# 8 ton loegler and ladd running gear need new tie rod



## chuckgrif (Mar 14, 2018)

I recently got an 8 ton loegler and ladd running gear made in buffalo ny. the king pins are seized and apparently they tried to free using the tongue and bent the tie rod it is 1 continous rod from side to side any ideas how to get a replacement and what to make a new one from and how do i find the length. this will be used as a hay ride for our ymca father daughter program.


----------



## 8350HiTech (Jul 26, 2013)

Straighten it.


----------



## luke strawwalker (Jul 31, 2014)

You may well have your hands full... Best bet get one of those grease-buster things that you pour penetrating oil in and replace the rod and then stick it onto the grease zerk in the king-pins and hit it with a heavy hammer to inject penetrating oil into the king pins... do that at least a half-dozen times until it goes in easy. Then you can try greasing it and see if you can bust the king pins loose. If they won't take grease or are still frozen, you'll have to press them out. May have to remove the axle so you can stick it in a hydraulic press to get them-- hope you don't have to torch them out and start over.

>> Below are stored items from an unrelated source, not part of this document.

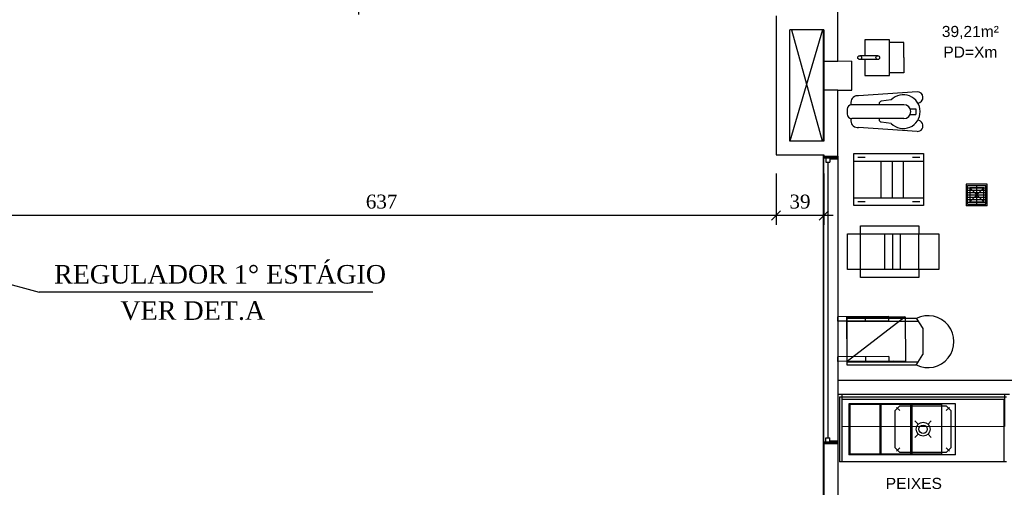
# Model space of a CAD drawing. Header units: millimetres. Extents: x 4 to 3534, y 14 to 98.
# Tile 8 of 161: x 13.02 to 23.63, y 50.27 to 55.31. Entities that reach past the tile are written whole.
import ezdxf

# ---------------------------------------------------------------- set-up
doc = ezdxf.new("R2010")
doc.units = ezdxf.units.MM
doc.header["$MEASUREMENT"] = 0
for name, color, linetype, lineweight in [('AF-Colunas', 7, 'Continuous', 20), ('Cotas', 7, 'Continuous', 5), ('Textos', 7, 'Continuous', 5)]:
    doc.layers.add(name, color=color, linetype=linetype, lineweight=lineweight)
doc.styles.add('Arial', font='arial.ttf')
doc.styles.add('TimesNewRoman', font='times.ttf')
doc.dimstyles.new('UM_75.000000', dxfattribs={"dimtxt": 0.18, "dimasz": 0.05, "dimexe": 0.1, "dimexo": 0.2, "dimgap": 0, "dimtad": 1, "dimtih": 1, "dimtoh": 1, "dimdec": 1, "dimlfac": 75, "dimzin": 0, "dimdsep": 46, "dimtxsty": 'Standard', "dimblk": 'CLOSED', "dimblk1": 'CLOSED', "dimblk2": 'CLOSED', "dimcen": 0.09, "dimdle": 0.1, "dimadec": 1, "dimazin": 2, "dimtfac": 1, "dimtdec": 4, "dimtofl": 0, "dimtmove": 0, "dimatfit": 3, "dimldrblk": 'CLOSED', "dimfxl": 0, "dimtolj": 1, "dimarcsym": 0})

# ---------------------------------------------------------------- blocks, each defined once
blk = doc.blocks.new('_OBLIQUE')
at = {"color": 0, "linetype": 'ByBlock', "lineweight": -2}
blk.add_line((-0.5, -0.5), (0.5, 0.5), dxfattribs=at)
blk = doc.blocks.new('*D42')
at = {"layer": 'Cotas', "color": 0, "lineweight": -2}
for p, q in [((21.173, 53.648), (21.173, 53.095)), ((21.688, 53.648), (21.688, 53.095)), ((21.788, 53.195), (21.073, 53.195))]:
    blk.add_line(p, q, dxfattribs=at)
at = {"layer": 'Defpoints', "color": 0}
for p in [(21.173, 53.848), (21.688, 53.848), (21.173, 53.195)]:
    blk.add_point(p, dxfattribs=at)
at = {"layer": 'Cotas', "color": 0, "lineweight": -2, "xscale": 0.1, "yscale": 0.1, "zscale": 0.1, "rotation": 180}
blk.add_blockref('_OBLIQUE', (21.173, 53.195), dxfattribs=at)
at = {"layer": 'Cotas', "color": 0, "lineweight": -2, "xscale": 0.1, "yscale": 0.1, "zscale": 0.1}
blk.add_blockref('_OBLIQUE', (21.688, 53.195), dxfattribs=at)
at = {"layer": 'Cotas', "color": 7, "insert": (21.431, 53.345), "char_height": 0.15, "attachment_point": 5, "rotation": 0.0057, "style": 'TimesNewRoman'}
blk.add_mtext('\\A1;39', dxfattribs=at)
blk = doc.blocks.new('*D43')
at = {"layer": 'Cotas', "color": 0, "lineweight": -2}
for p, q in [((21.173, 53.648), (21.173, 53.095)), ((12.673, 51.972), (12.673, 53.295)), ((21.273, 53.195), (12.573, 53.195))]:
    blk.add_line(p, q, dxfattribs=at)
at = {"layer": 'Defpoints', "color": 0}
for p in [(21.173, 53.848), (12.673, 53.195), (12.673, 51.772)]:
    blk.add_point(p, dxfattribs=at)
at = {"layer": 'Cotas', "color": 0, "lineweight": -2, "xscale": 0.1, "yscale": 0.1, "zscale": 0.1, "rotation": 180}
blk.add_blockref('_OBLIQUE', (12.673, 53.195), dxfattribs=at)
at = {"layer": 'Cotas', "color": 0, "lineweight": -2, "xscale": 0.1, "yscale": 0.1, "zscale": 0.1}
blk.add_blockref('_OBLIQUE', (21.173, 53.195), dxfattribs=at)
at = {"layer": 'Cotas', "color": 7, "insert": (16.923, 53.345), "char_height": 0.15, "attachment_point": 5, "rotation": 0.0057, "style": 'TimesNewRoman'}
blk.add_mtext('\\A1;637', dxfattribs=at)
blk = doc.blocks.new('*D45')
at = {"layer": 'Cotas', "color": 0, "lineweight": -2}
for p, q in [((12.673, 55.072), (12.673, 55.562)), ((16.673, 55.572), (16.673, 55.362)), ((16.773, 55.462), (12.573, 55.462))]:
    blk.add_line(p, q, dxfattribs=at)
at = {"layer": 'Defpoints', "color": 0}
for p in [(16.673, 55.772), (12.673, 55.462), (12.673, 54.872)]:
    blk.add_point(p, dxfattribs=at)
at = {"layer": 'Cotas', "color": 0, "lineweight": -2, "xscale": 0.1, "yscale": 0.1, "zscale": 0.1, "rotation": 180}
blk.add_blockref('_OBLIQUE', (12.673, 55.462), dxfattribs=at)
at = {"layer": 'Cotas', "color": 0, "lineweight": -2, "xscale": 0.1, "yscale": 0.1, "zscale": 0.1}
blk.add_blockref('_OBLIQUE', (16.673, 55.462), dxfattribs=at)
at = {"layer": 'Cotas', "color": 7, "insert": (14.673, 55.612), "char_height": 0.15, "attachment_point": 5, "rotation": 0.0057, "style": 'TimesNewRoman'}
blk.add_mtext('\\A1;300', dxfattribs=at)

msp = doc.modelspace()

# ---------------------------------------------------------------- linework, layer by layer
at = {"color": 7}
for p, q in [((21.8382, 54.85814), (21.8382, 55.97324)), ((21.1732, 55.34824), (21.1732, 53.84824)), ((21.3232, 53.99824), (21.3232, 55.19824)), ((21.6882, 55.19824), (21.3232, 55.19824)), ((21.6732, 55.19824), (21.3232, 53.99824)), ((21.6732, 53.99824), (21.345, 55.19404)), ((21.6799, 55.19824), (21.6799, 53.99824)), ((21.6882, 55.19824), (21.6882, 53.99824)), ((22.3963, 55.08964), (22.1307, 55.08964)), ((22.1307, 55.08964), (22.1307, 54.91714)), ((22.3963, 54.70464), (22.3963, 55.08964)), ((22.5507, 55.06034), (22.3963, 55.06034)), ((22.5507, 54.89714), (22.5507, 55.06034)), ((21.6882, 54.85814), (21.8382, 54.85814)), ((21.9882, 54.70814), (21.9882, 54.85814)), ((22.2696, 54.91714), (22.0748, 54.91714)), ((22.2696, 54.87714), (22.0748, 54.87714)), ((22.1307, 54.87714), (22.1307, 54.70464)), ((22.5507, 54.89714), (22.5507, 54.73404)), ((21.9882, 54.54824), (21.9882, 54.70814)), ((22.1307, 54.70464), (22.3963, 54.70464)), ((22.5507, 54.73404), (22.3963, 54.73404)), ((21.8382, 54.54824), (21.6882, 54.54824)), ((21.8382, 53.83474), (21.8382, 54.54824)), ((21.8382, 54.54824), (21.9882, 54.54824)), ((22.6929, 54.52804), (22.0634, 54.48704)), ((22.414, 54.44344), (22.3056, 54.42674)), ((21.9383, 54.34014), (21.9383, 54.29014)), ((21.9787, 54.41514), (21.9787, 54.39014)), ((22.5509, 54.39014), (21.9883, 54.39014)), ((22.284, 54.40204), (22.284, 54.39014)), ((22.6197, 54.34514), (22.6806, 54.34514)), ((22.6806, 54.34514), (22.6806, 54.28514)), ((21.9787, 54.24014), (21.9787, 54.21514)), ((22.5509, 54.24014), (21.9883, 54.24014)), ((22.284, 54.24014), (22.284, 54.22834)), ((22.6197, 54.28514), (22.6806, 54.28514)), ((22.6929, 54.10234), (22.0634, 54.14324)), ((22.4153, 54.18664), (22.3056, 54.20354)), ((21.6882, 53.99824), (21.3232, 53.99824)), ((21.1732, 53.84824), (21.6882, 53.84824)), ((21.6799, 53.84824), (21.6799, 43.57324)), ((21.6882, 53.84824), (21.6882, 53.83474)), ((21.6882, 53.83474), (21.6882, 53.81564)), ((21.6882, 53.83474), (21.8382, 53.83474)), ((21.6882, 53.81564), (21.6882, 53.83474)), ((21.7526, 53.81564), (21.6882, 53.81564)), ((21.8382, 53.81564), (21.6882, 53.81564)), ((21.6882, 53.81564), (21.8382, 53.81564)), ((21.6882, 50.75374), (21.6882, 53.81564)), ((21.7082, 53.81564), (21.7526, 53.81564)), ((21.7082, 53.81564), (21.7082, 53.77124)), ((21.7526, 53.81564), (21.7526, 53.77124)), ((21.7526, 53.81564), (21.7526, 53.80294)), ((21.8382, 53.80294), (21.7526, 53.80294)), ((21.8382, 53.80294), (21.8382, 53.83474)), ((21.8382, 53.83474), (21.8382, 53.81564)), ((21.8382, 53.81564), (21.8382, 50.75374)), ((22.0131, 53.30284), (22.0131, 53.86284)), ((22.0131, 53.86284), (22.7631, 53.86284)), ((22.0531, 53.82284), (22.1331, 53.82284)), ((22.6431, 53.82284), (22.7231, 53.82284)), ((22.7631, 53.86284), (22.7631, 53.30284)), ((21.7082, 53.77124), (21.7526, 53.77124)), ((21.7304, 53.77124), (21.7304, 50.79824)), ((22.0131, 53.78284), (22.7631, 53.78284)), ((22.3067, 53.38284), (22.3067, 53.78284)), ((22.4267, 53.38284), (22.4267, 53.78284)), ((22.5467, 53.38284), (22.5467, 53.78284)), ((23.2222, 53.53404), (23.2222, 53.30144)), ((23.4492, 53.53404), (23.2222, 53.53404)), ((23.2367, 53.51924), (23.4357, 53.51924)), ((23.2367, 53.31624), (23.2367, 53.51924)), ((23.2367, 53.49424), (23.4357, 53.49424)), ((23.4107, 53.34274), (23.2608, 53.49274)), ((23.2608, 53.34274), (23.4107, 53.49274)), ((23.3357, 53.31624), (23.3357, 53.51924)), ((23.4357, 53.31624), (23.4357, 53.51924)), ((23.4492, 53.30144), (23.4492, 53.53404)), ((22.7631, 53.38284), (22.0131, 53.38284)), ((23.2367, 53.46924), (23.4357, 53.46924)), ((23.2367, 53.44324), (23.4357, 53.44324)), ((23.2367, 53.41824), (23.4357, 53.41824)), ((23.2367, 53.39224), (23.4357, 53.39224)), ((22.7631, 53.30284), (22.0131, 53.30284)), ((22.1331, 53.34284), (22.0531, 53.34284)), ((22.7231, 53.34284), (22.6431, 53.34284)), ((23.4492, 53.30144), (23.2222, 53.30144)), ((23.2367, 53.36724), (23.4357, 53.36724)), ((23.2367, 53.34124), (23.4357, 53.34124)), ((23.2367, 53.31624), (23.4357, 53.31624)), ((22.0848, 53.08594), (22.7128, 53.08594)), ((22.0848, 52.99654), (22.0848, 53.08594)), ((22.7128, 53.08594), (22.7128, 52.99654)), ((21.9418, 52.99654), (22.9273, 52.99654)), ((21.9418, 52.61534), (21.9418, 52.99654)), ((22.3441, 52.61534), (22.3441, 52.99654)), ((22.43, 52.61534), (22.43, 52.99654)), ((22.5158, 52.61534), (22.5158, 52.99654)), ((22.9273, 52.99654), (22.9273, 52.61534)), ((22.9273, 52.61534), (21.9418, 52.61534)), ((22.0848, 52.52594), (22.0848, 52.61534)), ((22.7128, 52.52594), (22.0848, 52.52594)), ((22.7128, 52.61534), (22.7128, 52.52594)), ((21.9406, 51.58454), (21.9406, 52.08834)), ((21.9406, 52.08834), (22.6894, 52.08834)), ((21.9406, 52.05834), (22.6996, 52.05834)), ((22.6831, 52.08834), (22.756, 51.97694)), ((22.756, 51.97694), (22.756, 51.69604)), ((22.6831, 51.58454), (22.756, 51.69604)), ((22.6996, 51.61454), (21.9406, 51.61454)), ((22.6831, 51.58454), (21.9406, 51.58454)), ((23.8382, 51.41824), (21.8382, 51.41824)), ((23.6882, 51.26824), (21.8382, 51.26824)), ((21.8582, 51.24194), (23.6582, 51.24194)), ((21.8582, 51.24194), (21.8582, 50.54194)), ((21.8832, 51.21694), (23.6282, 51.21694)), ((21.8832, 51.21694), (21.8832, 50.54194)), ((23.1082, 51.16784), (21.9582, 51.16784)), ((21.9582, 51.16784), (21.9582, 50.61784)), ((23.1083, 50.61784), (23.1082, 51.16784)), ((23.6282, 51.21694), (23.6282, 50.54194)), ((22.5082, 51.09284), (22.4729, 51.12824)), ((23.0082, 51.09284), (23.0435, 51.12824)), ((22.7052, 50.94584), (22.6698, 50.98124)), ((22.8112, 50.94584), (22.8466, 50.98124)), ((22.6698, 50.80444), (22.7052, 50.83984)), ((22.8466, 50.80444), (22.8112, 50.83984)), ((21.7526, 50.75374), (21.6882, 50.75374)), ((21.6882, 50.73474), (21.6882, 50.75374)), ((21.6882, 50.73474), (21.6882, 50.75374)), ((21.6882, 50.75374), (21.8382, 50.75374)), ((21.8382, 50.75374), (21.6882, 50.75374)), ((21.6882, 50.73474), (21.6882, 50.11174)), ((21.8382, 50.73474), (21.6882, 50.73474)), ((21.7082, 50.79824), (21.7526, 50.79824)), ((21.7082, 50.75374), (21.7082, 50.79824)), ((21.7082, 50.75374), (21.7526, 50.75374)), ((21.7526, 50.75374), (21.7526, 50.79824)), ((21.7526, 50.76654), (21.7526, 50.75374)), ((21.7526, 50.76654), (21.8382, 50.76654)), ((21.8382, 50.76654), (21.8382, 50.73474)), ((21.8382, 50.75374), (21.8382, 50.73474)), ((21.8382, 50.73474), (21.8382, 50.11174)), ((23.1083, 50.61784), (21.9583, 50.61774)), ((22.5082, 50.69284), (22.4729, 50.65744)), ((23.0082, 50.69284), (23.0436, 50.65754)), ((23.6582, 50.54194), (21.8582, 50.54194))]:
    msp.add_line(p, q, dxfattribs=at)
at = {"color": 7, "linetype": 'Continuous'}
for p, q in [((22.0848, 52.61534), (22.0848, 52.99654)), ((22.7128, 52.61534), (22.7128, 52.99654)), ((22.3873, 52.10564), (21.8373, 52.10554)), ((21.8373, 52.05554), (21.8373, 52.10554)), ((22.5662, 52.10484), (21.9382, 51.62344)), ((22.1373, 52.05564), (22.1373, 52.10564)), ((22.3873, 52.05564), (22.3873, 52.10564)), ((22.3873, 52.05564), (21.8373, 52.05554)), ((21.8373, 51.62304), (21.8373, 51.67304)), ((22.388, 51.67514), (21.838, 51.67304)), ((22.138, 51.67414), (22.1382, 51.62414)), ((22.388, 51.67514), (22.3882, 51.62514)), ((22.4381, 51.62434), (21.8382, 51.62304))]:
    msp.add_line(p, q, dxfattribs=at)
for p in [(11.38546, 52.8625), (16.82679, 52.37073)]:
    msp.add_line(p, (13.2339, 52.37073))
at = {"color": 7}
msp.add_lwpolyline([(23.2608, 53.49274), (23.2608, 53.34274), (23.4107, 53.34274), (23.4107, 53.49274), (23.2608, 53.49274)], close=True, dxfattribs=at)
at = {"color": 7, "linetype": 'Continuous'}
for points in [[(21.9363, 52.10344), (22.5662, 52.10484), (22.5681, 51.62494), (21.9382, 51.62344), (21.9363, 52.10554)], [(23.6347, 51.27174), (23.6359, 50.92174), (21.8859, 50.91834), (21.8847, 51.26834)]]:
    msp.add_lwpolyline(points, dxfattribs=at)
for points in [[(22.2938, 51.15784), (21.9688, 51.15784), (21.9688, 50.62784), (22.2938, 50.62784), (22.2938, 51.15784)], [(22.6269, 51.15784), (22.3019, 51.15784), (22.3019, 50.62784), (22.6269, 50.62784), (22.6269, 51.15784)], [(22.96, 51.15784), (22.635, 51.15784), (22.635, 50.62784), (22.96, 50.62784), (22.96, 51.15784)]]:
    msp.add_lwpolyline(points, close=True, dxfattribs=at)
at = {"color": 7}
msp.add_lwpolyline([(22.5082, 51.14284), (23.0082, 51.14284), (23.0582, 51.09284), (23.0582, 51.09284), (23.0582, 50.69284), (23.0082, 50.64284), (23.0082, 50.64284), (22.5082, 50.64284), (22.4582, 50.69284), (22.4582, 50.69284), (22.4582, 51.09284), (22.5082, 51.14284), (22.5082, 51.14284)], dxfattribs=at)
for centre, radius in [((22.0748, 54.89714), 0.02), ((22.2696, 54.89714), 0.02), ((22.7582, 50.89284), 0.075), ((22.7582, 50.89284), 0.045)]:
    msp.add_circle(centre, radius, dxfattribs=at)
for centre, radius, start, end in [((22.0543, 54.41124), 0.07571, 83.0865, 177.097), ((22.5439, 54.31574), 0.18216, 225.115, 135.47), ((22.6967, 54.46814), 0.06, 273.907, 93.5999), ((21.9883, 54.34014), 0.05, 90, 180), ((22.3094, 54.40154), 0.02544, 98.4951, 178.966), ((22.5509, 54.31514), 0.075, 270, 90), ((21.9883, 54.29014), 0.05, 180, 270), ((22.3094, 54.22874), 0.02544, 181.034, 261.505), ((22.6967, 54.16214), 0.06, 266.4, 86.7051), ((22.0543, 54.21904), 0.07571, 182.903, 276.914), ((22.8105, 51.83644), 0.28005, 243.179, 116.821)]:
    msp.add_arc(centre, radius, start, end, dxfattribs=at)
at = {"layer": 'AF-Colunas'}
msp.add_line((21.9882, 54.85814), (21.8382, 54.85814), dxfattribs=at)

# ---------------------------------------------------------------- texts
at = {"color": 7, "char_height": 0.12, "attachment_point": 8, "line_spacing_factor": 0.798, "style": 'Arial'}
for s, insert, width in [('39,21m²', (23.2672, 55.09684), 2.4233581), ('PD=Xm', (23.2672, 54.89684), 2.2912335), ('PEIXES', (22.6582, 50.24684), 2.3846875)]:
    msp.add_mtext(s, dxfattribs=dict(at, insert=insert, width=width))
at = {"layer": 'Textos', "char_height": 0.2, "attachment_point": 7, "line_spacing_factor": 0.9, "style": 'TimesNewRoman'}
for s, insert, width in [('REGULADOR 1%%d ESTÁGIO', (13.39284, 52.4592), 13.3094172), ('VER DET.A', (14.10762, 52.06686), 5.8901799)]:
    msp.add_mtext(s, dxfattribs=dict(at, insert=insert, width=width))

# ---------------------------------------------------------------- dimensions: what is measured, and where the dimension line sits
at = {"layer": 'Cotas'}
dim = msp.add_linear_dim(base=(12.673, 55.46183), p1=(16.673, 55.77174), p2=(12.673, 54.87174), dimstyle='UM_75.000000', override={"dimtxt": 0.15, "dimasz": 0.1, "dimexe": 0.1, "dimexo": 0.2, "dimtad": 1, "dimtih": 0, "dimtoh": 0, "dimdec": 1, "dimlfac": 75, "dimzin": 8, "dimtxsty": 'TimesNewRoman', "dimblk": 'OBLIQUE', "dimblk1": 'OBLIQUE', "dimblk2": 'OBLIQUE', "dimsah": 1, "dimdle": 0.1, "dimse1": 0, "dimse2": 0, "dimclrt": 7, "dimadec": 1, "dimazin": 3, "dimtmove": 2, "dimldrblk": 'OBLIQUE'}, dxfattribs=at)
dim.commit()
dim.dimension.update_dxf_attribs({"geometry": '*D45', "text_midpoint": (14.673, 55.61183), "dimtype": 160, "text_rotation": 0.00573})
for base, p1, p2, text, picture, middle in [((12.673, 53.19462), (21.1732, 53.84824), (12.673, 51.77174), '637', '*D43', (16.9231, 53.34462)), ((21.1732, 53.19462), (21.6882, 53.84824), (21.1732, 53.84824), '39', '*D42', (21.4307, 53.34462))]:
    dim = msp.add_linear_dim(base=base, p1=p1, p2=p2, text=text, dimstyle='UM_75.000000', override={"dimtxt": 0.15, "dimasz": 0.1, "dimexe": 0.1, "dimexo": 0.2, "dimtad": 1, "dimtih": 0, "dimtoh": 0, "dimdec": 1, "dimlfac": 75, "dimzin": 8, "dimtxsty": 'TimesNewRoman', "dimblk": 'OBLIQUE', "dimblk1": 'OBLIQUE', "dimblk2": 'OBLIQUE', "dimsah": 1, "dimdle": 0.1, "dimse1": 0, "dimse2": 0, "dimclrt": 7, "dimadec": 1, "dimazin": 3, "dimtmove": 2, "dimldrblk": 'OBLIQUE'}, dxfattribs=at)
    dim.commit()
    dim.dimension.update_dxf_attribs({"geometry": picture, "text_midpoint": middle, "dimtype": 160, "text_rotation": 0.00573})

doc.saveas('drawing.dxf')

As for the tie rod, either straighten it as suggested or look for a local replacement you can make work, unless you can find the company or similar parts online... Either way you'll have your hands full...

Good luck! OL J R


----------



## woodland (May 23, 2016)

Put a lot of heat to it like using a torch and that should help break the rust up somewhat. Take them apart after you get them freed up and clean/polish them and coat them in anti-seize. Seems to work not bad here where they are used most of the winter feeding and usually get quite unintentionally neglected.

Good luck????

Adrian


----------